What would be the obvious bought-and-sold lemon of the Criterion game catalogue, I wonder? Some Quantic Dream dishrag, I suppose.
Frank’s right in that there’s a relatively high base technical cost to reissuing old games that forces devs, rights holders, etc to be selective about what they do and don’t reissue, and that the likes of LRG may not be enough to make reissuing obscurities a consistently profitable venture, but by the same token, there’s an increasing number of developers/publishers dedicated to reissuing the most unheard-of shlock with no advertising, no effort to contextualise or add value to the games and oftentimes not even competent emulation, and yet someone must be buying their trash because they continue to release game after game.
(Here’s one example: Thunderbolt Collection, a two-pack of unremarkable unlicensed console shooting games by the Taiwanese company Gamtec, out next week—there’s a compelling story that could be told about Gamtec, the Taiwanese dev scene of the ’90s, the odd places & communities they were able to reach with their games, etc but not only does this package not attempt any of that, it doesn’t even make any effort to explain what the games are beyond the words “FOR THE FIRST TIME IN THE EASTERN” in the trailer, and they’re instead just tossing them onto digital storefronts as if that’s all it takes… and maybe that really is all it takes.)
One factor is that some of the more recent entrants into this space are from countries where more can be achieved for less: Ratalaika Games (frequent partner of Strictly Limited Games/ININ) is based in Poland, QuByte Interactive (recent collaborator with rent-seekers Piko Interactive) is a Brazilian company, etc.
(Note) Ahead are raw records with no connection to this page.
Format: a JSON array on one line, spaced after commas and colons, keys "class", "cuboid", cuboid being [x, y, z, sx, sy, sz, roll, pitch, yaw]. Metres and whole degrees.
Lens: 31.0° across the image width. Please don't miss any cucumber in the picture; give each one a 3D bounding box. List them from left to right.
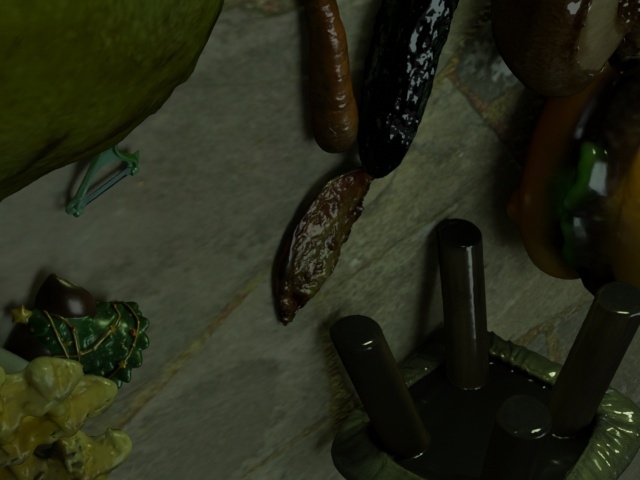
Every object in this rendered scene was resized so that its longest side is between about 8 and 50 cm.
[{"class": "cucumber", "cuboid": [0.088, -0.200, 1.103, 0.081, 0.072, 0.303, -9, 121, -54]}]

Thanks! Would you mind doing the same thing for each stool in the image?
[{"class": "stool", "cuboid": [0.198, 0.169, 1.328, 0.310, 0.310, 0.226, -41, 143, -36]}]

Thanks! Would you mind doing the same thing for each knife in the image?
[{"class": "knife", "cuboid": [-0.149, -0.074, 0.835, 0.078, 0.022, 0.166, -48, 176, -32]}]

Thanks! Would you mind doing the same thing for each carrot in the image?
[{"class": "carrot", "cuboid": [0.007, -0.160, 1.042, 0.047, 0.047, 0.191, -41, 142, -32]}]

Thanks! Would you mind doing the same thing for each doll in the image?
[{"class": "doll", "cuboid": [-0.186, 0.078, 0.904, 0.078, 0.076, 0.113, -58, 149, 9]}]

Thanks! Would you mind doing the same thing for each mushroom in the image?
[{"class": "mushroom", "cuboid": [0.292, -0.297, 1.258, 0.297, 0.163, 0.278, -56, 140, -12]}]

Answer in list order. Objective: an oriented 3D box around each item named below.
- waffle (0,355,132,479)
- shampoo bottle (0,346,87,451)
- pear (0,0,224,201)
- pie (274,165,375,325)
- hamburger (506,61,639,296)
[{"class": "waffle", "cuboid": [-0.261, 0.170, 0.801, 0.261, 0.056, 0.250, -46, 145, 23]}, {"class": "shampoo bottle", "cuboid": [-0.246, 0.139, 0.876, 0.108, 0.051, 0.221, -47, 147, -2]}, {"class": "pear", "cuboid": [-0.221, -0.150, 0.431, 0.413, 0.352, 0.352, 17, 99, -62]}, {"class": "pie", "cuboid": [0.000, -0.002, 1.166, 0.191, 0.033, 0.088, -60, 145, -4]}, {"class": "hamburger", "cuboid": [0.438, -0.092, 1.511, 0.396, 0.277, 0.396, -32, 136, -37]}]
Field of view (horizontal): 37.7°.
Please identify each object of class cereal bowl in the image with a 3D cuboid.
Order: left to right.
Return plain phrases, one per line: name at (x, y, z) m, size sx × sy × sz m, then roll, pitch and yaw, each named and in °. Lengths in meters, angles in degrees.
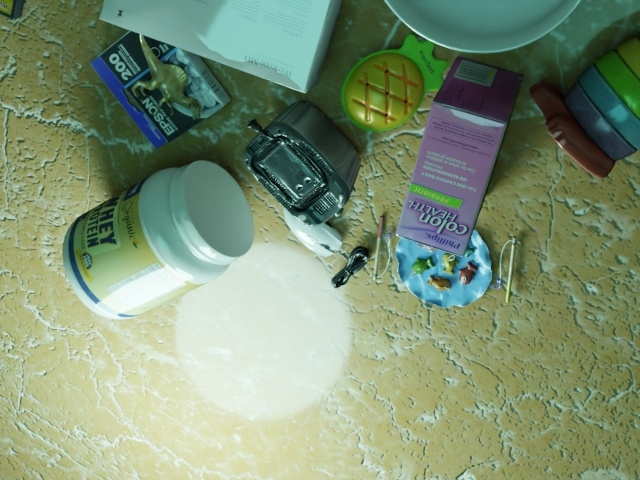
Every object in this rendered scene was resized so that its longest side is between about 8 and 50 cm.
cereal bowl at (0.241, -0.453, 1.364) m, size 0.339 × 0.141 × 0.338 m, roll 9°, pitch 120°, yaw 15°

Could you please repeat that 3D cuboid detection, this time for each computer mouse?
computer mouse at (0.000, 0.000, 1.769) m, size 0.193 × 0.042 × 0.106 m, roll 43°, pitch 124°, yaw -8°

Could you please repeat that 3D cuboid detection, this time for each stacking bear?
stacking bear at (0.485, -0.240, 1.394) m, size 0.164 × 0.175 × 0.289 m, roll 36°, pitch 117°, yaw -26°

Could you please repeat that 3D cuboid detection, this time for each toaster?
toaster at (-0.032, -0.145, 1.635) m, size 0.227 × 0.146 × 0.129 m, roll 44°, pitch 123°, yaw -9°

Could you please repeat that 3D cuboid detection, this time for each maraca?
maraca at (0.121, -0.259, 1.549) m, size 0.186 × 0.099 × 0.127 m, roll -34°, pitch 107°, yaw 5°

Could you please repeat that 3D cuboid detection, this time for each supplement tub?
supplement tub at (-0.304, -0.001, 1.767) m, size 0.316 × 0.228 × 0.228 m, roll -25°, pitch 107°, yaw 29°

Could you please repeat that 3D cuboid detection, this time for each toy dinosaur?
toy dinosaur at (-0.285, -0.284, 1.662) m, size 0.093 × 0.053 × 0.183 m, roll -31°, pitch 113°, yaw 14°

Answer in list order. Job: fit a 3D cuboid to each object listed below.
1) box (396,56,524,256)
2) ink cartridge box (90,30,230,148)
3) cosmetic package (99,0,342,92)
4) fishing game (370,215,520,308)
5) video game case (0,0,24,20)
box at (0.225, -0.138, 1.506) m, size 0.117 × 0.213 × 0.242 m, roll 18°, pitch 123°, yaw 9°
ink cartridge box at (-0.303, -0.286, 1.715) m, size 0.208 × 0.045 × 0.206 m, roll -28°, pitch 106°, yaw 32°
cosmetic package at (-0.148, -0.438, 1.518) m, size 0.377 × 0.097 × 0.284 m, roll 21°, pitch 112°, yaw 7°
fishing game at (0.222, 0.048, 1.719) m, size 0.264 × 0.041 × 0.189 m, roll 13°, pitch 119°, yaw 13°
video game case at (-0.641, -0.566, 1.683) m, size 0.275 × 0.035 × 0.248 m, roll 27°, pitch 124°, yaw 3°
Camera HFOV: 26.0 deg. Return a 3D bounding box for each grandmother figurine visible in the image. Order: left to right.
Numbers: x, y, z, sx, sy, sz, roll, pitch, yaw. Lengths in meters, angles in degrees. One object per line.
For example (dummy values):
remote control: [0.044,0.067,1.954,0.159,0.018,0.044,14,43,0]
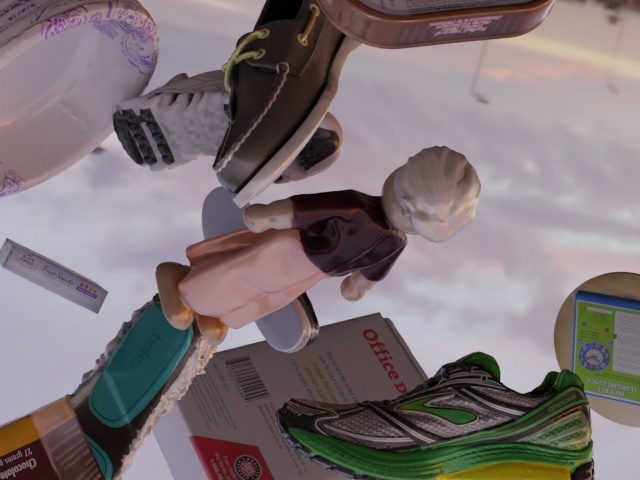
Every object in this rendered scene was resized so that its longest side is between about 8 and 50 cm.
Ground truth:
grandmother figurine: [0.000,0.000,1.368,0.342,0.104,0.208,-24,158,24]

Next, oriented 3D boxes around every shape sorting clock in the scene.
shape sorting clock: [0.389,0.137,1.733,0.206,0.206,0.040,22,-156,28]

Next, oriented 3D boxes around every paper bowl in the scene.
paper bowl: [-0.324,-0.188,1.469,0.148,0.284,0.284,48,-156,17]

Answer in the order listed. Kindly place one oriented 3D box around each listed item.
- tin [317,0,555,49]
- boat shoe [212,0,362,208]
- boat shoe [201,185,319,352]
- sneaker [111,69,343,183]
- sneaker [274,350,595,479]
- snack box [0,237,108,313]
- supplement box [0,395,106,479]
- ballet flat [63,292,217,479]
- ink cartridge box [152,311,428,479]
tin: [0.089,-0.198,1.014,0.189,0.040,0.106,-9,-117,-16]
boat shoe: [-0.035,-0.143,1.173,0.091,0.109,0.305,41,-140,-14]
boat shoe: [-0.068,0.034,1.722,0.228,0.080,0.076,57,-158,15]
sneaker: [-0.088,-0.135,1.481,0.292,0.110,0.118,10,-140,37]
sneaker: [0.122,0.191,1.487,0.343,0.146,0.134,2,175,-5]
snack box: [-0.360,0.047,1.853,0.141,0.037,0.100,28,175,-19]
supplement box: [-0.232,0.243,1.094,0.129,0.194,0.191,-25,179,-3]
ballet flat: [-0.271,0.242,1.781,0.147,0.409,0.147,43,-178,-2]
ink cartridge box: [-0.024,0.293,2.075,0.384,0.160,0.279,-12,-130,-24]
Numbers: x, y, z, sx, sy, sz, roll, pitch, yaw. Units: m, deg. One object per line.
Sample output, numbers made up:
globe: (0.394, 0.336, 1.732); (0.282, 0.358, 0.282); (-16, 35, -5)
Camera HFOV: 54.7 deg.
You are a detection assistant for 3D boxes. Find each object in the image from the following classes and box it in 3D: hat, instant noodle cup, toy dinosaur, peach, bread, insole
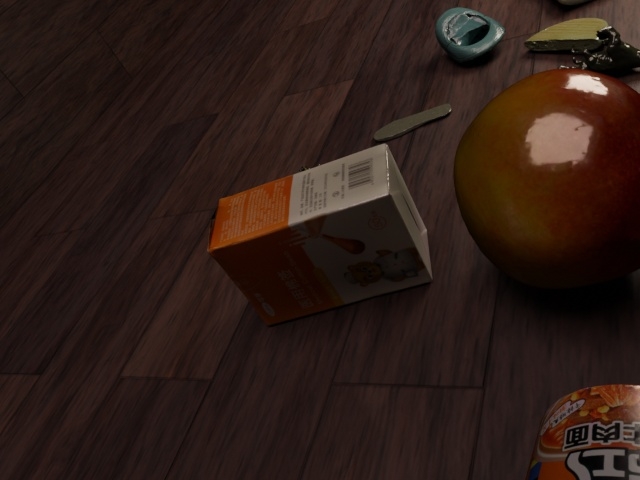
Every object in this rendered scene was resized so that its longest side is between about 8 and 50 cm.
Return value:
hat: (0.379, -0.509, 1.559); (0.138, 0.078, 0.191); (-39, 55, 4)
instant noodle cup: (0.298, 0.271, 0.573); (0.251, 0.250, 0.192); (-6, 35, 31)
toy dinosaur: (0.585, -0.329, 1.244); (0.187, 0.087, 0.178); (-27, 70, 31)
peach: (0.351, -0.081, 0.890); (0.308, 0.307, 0.332); (-30, 40, 2)
bread: (0.572, -0.463, 1.396); (0.112, 0.036, 0.193); (-40, 33, -20)
insole: (0.214, -0.276, 1.451); (0.192, 0.010, 0.063); (-18, 39, 16)

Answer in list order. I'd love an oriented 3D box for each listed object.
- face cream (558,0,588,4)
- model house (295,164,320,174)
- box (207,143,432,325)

Even Japanese-made packages are able to be profitable with lower sales, for a variety of reasons that include but are not limited to a tolerance for relatively expensive media and terrible work culture.
In Ratalaika’s case, much of their underlying emulation is licensed from existing commercial or open-source options, which is something more companies should be doing but aren’t. (Some are just stealing open-source emulators, which is a whole separate issue.) Like, it really is silly that the industry has been pursuing commercial emulation of certain hardware for multiple decades now and it’s still a coinflip as to whether company x’s reissue of game y is going to be adequately reproduced, and that every new entrant in this space should be expected to reinvent the wheel.
RE: Hamster, the “ROM in MAME” comparison works inasmuch as they are very plainly presented, but as Brandon mentioned, they’ve become increasingly granular about adding very specific per-game options and enhancements, and the base emulation (mostly handled by a reputable white-label studio called Gotch) is oftentimes more accurate than MAME due to a greater familiarity with the games (and not just the obscure ones, either).
Insomnia’s no fun.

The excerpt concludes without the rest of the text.